The flowmeter 30 generates a supply flow rate signal S10 having a
relation to (for example, being in proportion to) a supply flow
rate of the liquid 6 supplied into the first-stage ion-exchange
resin tower 2a.
[0049] The discharge line 22a of the first-stage ion-exchange resin
tower 2a is connected to the supply line 18b of the second-stage
ion-exchange resin tower 2b. In the present embodiment, the
discharge device 24a of the first-stage ion-exchange resin tower 2a
is the supply device 20b of the second-stage ion-exchange resin
tower 2b, and constituted by a pump 32a. The pump 32a is operated
through an operation signal S18 of the discharge device
corresponding to a discharge amount of the liquid 6 discharged from
the first-stage ion-exchange resin tower 2a, for example, a
rotational speed indication signal which indicates a rotational
speed of the pump 32a.
[0050] Similarly, the discharge line 22b of the second-stage
ion-exchange resin tower 2b is connected to the supply line 18c of
the third-stage ion-exchange resin tower 2c. In the present
embodiment, the discharge device 24b of the second-stage
ion-exchange resin tower 2b is the supply device 20c of the
third-stage ion-exchange resin tower 2c, and constituted by a pump
32b. The pump 32b is operated through an operation signal S28 of
the discharge device corresponding to a discharge amount of the
liquid 6 discharged from the second-stage ion-exchange resin tower
2b, for example, a rotational speed indication signal which
indicates a rotational speed of the pump 32b.

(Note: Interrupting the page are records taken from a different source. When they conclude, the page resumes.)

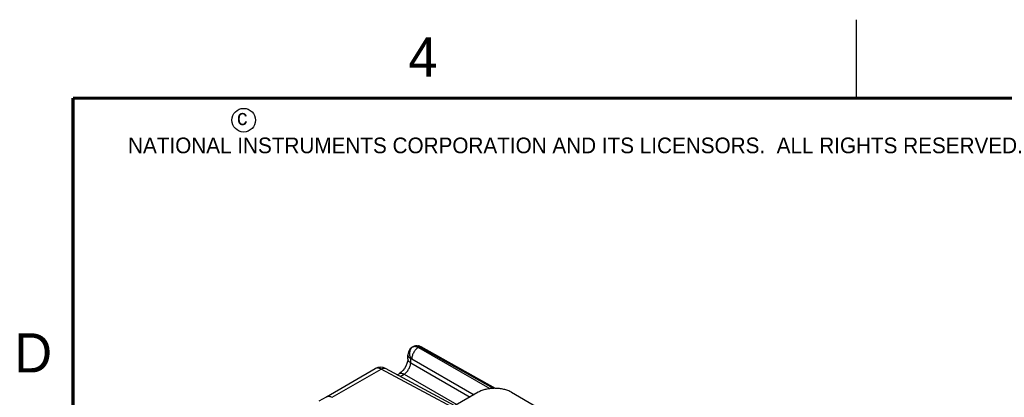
# Model space of a CAD drawing. Header units: inches. Extents: x 0 to 22, y 0 to 17.
# Tile 11 of 23: x 0.2 to 6.4, y 14.6 to 17. Entities that reach past the tile are written whole.
import ezdxf

# ---------------------------------------------------------------- set-up
doc = ezdxf.new("R2010")
doc.units = ezdxf.units.IN
doc.header["$LTSCALE"] = 1.21
doc.header["$MEASUREMENT"] = 0
doc.layers.get('0').update_dxf_attribs({"linetype": 'CONTINUOUS'})
doc.layers.add('FEATURES', color=7, linetype='CONTINUOUS')
doc.styles.add('TEXTSTYLE_2', font='txt')

msp = doc.modelspace()

# ---------------------------------------------------------------- linework, layer by layer
at = {"color": 2, "linetype": 'CONTINUOUS'}
msp.add_line((5.5, 16.5), (5.5, 17), dxfattribs=at)
at = {"color": 7, "linetype": 'CONTINUOUS'}
for p, q in [((2.6685, 14.9132), (2.6728, 14.9157)), ((2.6686, 14.9132), (2.6703, 14.9141)), ((2.7049, 14.9099), (2.7094, 14.9125)), ((2.7049, 14.9099), (3.1611, 14.6466)), ((3.1835, 14.6483), (2.7094, 14.9125)), ((3.1971, 14.6485), (2.7212, 14.9137)), ((2.637, 14.8378), (2.6374, 14.8604)), ((2.6374, 14.8604), (2.6374, 14.8604)), ((2.6553, 14.8117), (2.6556, 14.8382)), ((2.6625, 14.8373), (3.0597, 14.608)), ((2.1168, 14.5947), (2.4291, 14.775)), ((2.1533, 14.5914), (2.4658, 14.7719)), ((2.4339, 14.7775), (2.4291, 14.775)), ((2.4339, 14.7775), (2.434, 14.7775)), ((2.9202, 14.5275), (2.4658, 14.7719)), ((2.9374, 14.5374), (2.4949, 14.7753)), ((2.6553, 14.8117), (3.0339, 14.5931)), ((2.5696, 14.7352), (2.5812, 14.7419)), ((2.5885, 14.725), (2.6129, 14.7391)), ((2.6129, 14.7391), (2.9498, 14.5445)), ((2.0719, 14.5683), (2.1168, 14.5947))]:
    msp.add_line(p, q, dxfattribs=at)
at = {"color": 7, "linetype": 'CONTINUOUS', "const_width": 0.02}
for points in [[(0.5, 16.5), (0.5, 0.5)], [(21.5, 16.5), (0.5, 16.5)]]:
    msp.add_lwpolyline(points, dxfattribs=at)
at = {"color": 7, "linetype": 'CONTINUOUS'}
for points in [[(2.6686, 14.9132), (2.6609, 14.908), (2.6523, 14.8998), (2.6459, 14.8909), (2.6414, 14.8815), (2.6386, 14.8721), (2.6374, 14.8629), (2.6374, 14.8604)], [(2.637, 14.8378), (2.6367, 14.8324), (2.6346, 14.8204), (2.6302, 14.806), (2.6234, 14.7906), (2.6147, 14.7757), (2.6046, 14.7624), (2.5944, 14.7518), (2.5852, 14.7444), (2.5812, 14.7419)], [(2.4949, 14.7753), (2.4788, 14.7816), (2.4615, 14.7837), (2.4446, 14.7814), (2.434, 14.7775)]]:
    msp.add_lwpolyline(points, dxfattribs=at)
at = {"color": 2, "linetype": 'CONTINUOUS'}
msp.add_circle((1.5893, 16.359), 0.0754, dxfattribs=at)
at = {"color": 7, "linetype": 'CONTINUOUS'}
for centre, radius, start, end in [((2.6928, 14.8664), 0.055, 73.43621, 76.66084), ((2.6921, 14.8639), 0.0576, 70.28728, 73.4343)]:
    msp.add_arc(centre, radius, start, end, dxfattribs=at)
for points, knots in [([(2.6703, 14.9141), (2.6648, 14.9109), (2.6548, 14.9014), (2.6473, 14.8817), (2.6473, 14.8595), (2.6521, 14.845), (2.6556, 14.8382)], [0, 0, 0, 0, 0.226221, 0.468112, 0.728454, 1, 1, 1, 1]), ([(2.7049, 14.9099), (2.6989, 14.9066), (2.6875, 14.8972), (2.6742, 14.8793), (2.6651, 14.8589), (2.6625, 14.8443), (2.6625, 14.8373)], [0, 0, 0, 0, 0.237278, 0.498976, 0.761232, 1, 1, 1, 1]), ([(2.6703, 14.9141), (2.6727, 14.9153), (2.678, 14.9168), (2.6867, 14.9167), (2.6959, 14.9144), (2.7019, 14.9116), (2.7049, 14.9099)], [0, 0, 0, 0, 0.218926, 0.453794, 0.713005, 1, 1, 1, 1]), ([(2.6728, 14.9157), (2.6776, 14.9185), (2.6886, 14.9221), (2.7, 14.9212), (2.7055, 14.9199)], [0, 0, 0, 0, 0.499196, 1, 1, 1, 1]), ([(2.7094, 14.9125), (2.7062, 14.9143), (2.6998, 14.9172), (2.6899, 14.9194), (2.6808, 14.9191), (2.6752, 14.9171), (2.6728, 14.9157)], [0, 0, 0, 0, 0.288764, 0.547692, 0.781258, 1, 1, 1, 1]), ([(2.7094, 14.9125), (2.7113, 14.9136), (2.7152, 14.9152), (2.7196, 14.9146), (2.7212, 14.9137)], [0, 0, 0, 0, 0.548047, 1, 1, 1, 1]), ([(2.7115, 14.9181), (2.7123, 14.9178), (2.7156, 14.9165), (2.7188, 14.915), (2.7212, 14.9137)], [0, 0, 0, 0, 0.247471, 1, 1, 1, 1]), ([(2.637, 14.8378), (2.637, 14.8354), (2.6378, 14.8304), (2.6415, 14.8233), (2.6475, 14.8169), (2.6525, 14.8134), (2.6553, 14.8117)], [0, 0, 0, 0, 0.216979, 0.449723, 0.709503, 1, 1, 1, 1]), ([(2.6374, 14.8604), (2.6373, 14.8584), (2.6382, 14.8541), (2.642, 14.8481), (2.648, 14.8426), (2.6529, 14.8396), (2.6556, 14.8382)], [0, 0, 0, 0, 0.202003, 0.428736, 0.693644, 1, 1, 1, 1]), ([(2.6556, 14.8382), (2.6566, 14.8386), (2.6591, 14.8389), (2.6614, 14.838), (2.6625, 14.8373)], [0, 0, 0, 0, 0.453042, 1, 1, 1, 1]), ([(2.4658, 14.7719), (2.4627, 14.7735), (2.4567, 14.7763), (2.4475, 14.7786), (2.4387, 14.7786), (2.4334, 14.7771), (2.431, 14.776)], [0, 0, 0, 0, 0.287109, 0.546484, 0.781388, 1, 1, 1, 1]), ([(2.4658, 14.7719), (2.4683, 14.7734), (2.4734, 14.7759), (2.4811, 14.7779), (2.4885, 14.7778), (2.493, 14.7763), (2.4949, 14.7753)], [0, 0, 0, 0, 0.288529, 0.547743, 0.781306, 1, 1, 1, 1]), ([(2.6129, 14.7391), (2.6187, 14.7426), (2.6298, 14.7522), (2.643, 14.7701), (2.6521, 14.7904), (2.655, 14.8048), (2.6553, 14.8117)], [0, 0, 0, 0, 0.236117, 0.498881, 0.762251, 1, 1, 1, 1]), ([(2.5812, 14.7419), (2.5833, 14.7431), (2.588, 14.7448), (2.596, 14.7451), (2.6045, 14.7432), (2.6101, 14.7406), (2.6129, 14.7391)], [0, 0, 0, 0, 0.21871, 0.452268, 0.711473, 1, 1, 1, 1]), ([(2.1168, 14.5947), (2.1192, 14.5961), (2.1247, 14.5981), (2.1339, 14.5984), (2.1437, 14.5962), (2.1501, 14.5932), (2.1533, 14.5914)], [0, 0, 0, 0, 0.2183, 0.451691, 0.710875, 1, 1, 1, 1])]:
    msp.add_open_spline(points, degree=3, knots=knots, dxfattribs=at)
at = {"layer": 'FEATURES', "color": 7, "linetype": 'CONTINUOUS'}
for p, q in [((3.0862, 14.6233), (2.8741, 14.5008)), ((3.2983, 14.6233), (3.7516, 14.3616))]:
    msp.add_line(p, q, dxfattribs=at)
msp.add_open_spline([(3.2983, 14.6233), (3.2948, 14.6254), (3.2873, 14.6293), (3.2755, 14.6343), (3.2629, 14.6386), (3.2496, 14.6423), (3.2358, 14.6451), (3.2215, 14.6472), (3.207, 14.6484), (3.1923, 14.6488), (3.1776, 14.6484), (3.1631, 14.6472), (3.1488, 14.6451), (3.135, 14.6423), (3.1217, 14.6386), (3.109, 14.6343), (3.0972, 14.6293), (3.0898, 14.6254), (3.0862, 14.6233)], degree=3, knots=[0, 0, 0, 0, 0.055828, 0.114184, 0.174785, 0.237353, 0.301549, 0.366993, 0.433283, 0.5, 0.566717, 0.633007, 0.698451, 0.762647, 0.825215, 0.885816, 0.944172, 1, 1, 1, 1], dxfattribs=at)

# ---------------------------------------------------------------- texts
at = {"color": 2, "linetype": 'CONTINUOUS', "attachment_point": 1, "line_spacing_factor": 0.9, "style": 'TEXTSTYLE_2'}
for s, insert, char_height, width in [('4', (2.64, 16.8869), 0.25, 0.25), ('c', (1.5463, 16.428), 0.1, 0.1), ('NATIONAL INSTRUMENTS CORPORATION AND ITS LICENSORS.  ALL RIGHTS RESERVED.', (0.851, 16.2482), 0.1, 7.3), ('D', (0.125, 15), 0.25, 0.25)]:
    msp.add_mtext(s, dxfattribs=dict(at, insert=insert, char_height=char_height, width=width))

doc.saveas('drawing.dxf')

[0051] The discharge line 22c of the third-stage ion-exchange resin
tower 2c is connected to four liquid recovery tanks 36a, 36b, 36c,
36d via a pump 32c and a discharge switching valve 38, the
discharge switching valve 38 switchably connecting the pump 32c
with the liquid recovery tanks 36a, 36b, 36c, 36d. The pump 32c is
operated through an operation signal S38 of the discharge device
corresponding to a discharge amount of the liquid 6 discharged from
the third-stage ion-exchange resin tower 2c, for example, a
rotational speed indication signal which indicates a rotational
speed of the pump 32c.
[0052] The liquid surface level control system for the ion-exchange
resin towers has a liquid surface level controller 40 including
control modules 40a, 40b, 40c for the first-stage, second-stage and
third-stage ion-exchange resin towers 2a, 2b, 2c. The control
modules 40a, 40b, 40c are connected to the respective liquid
surface level sensors 12a, 12b, 12c and the respective pumps 32a,
32b, 32c of the respective ion-exchange resin towers 2a, 2b, 2c.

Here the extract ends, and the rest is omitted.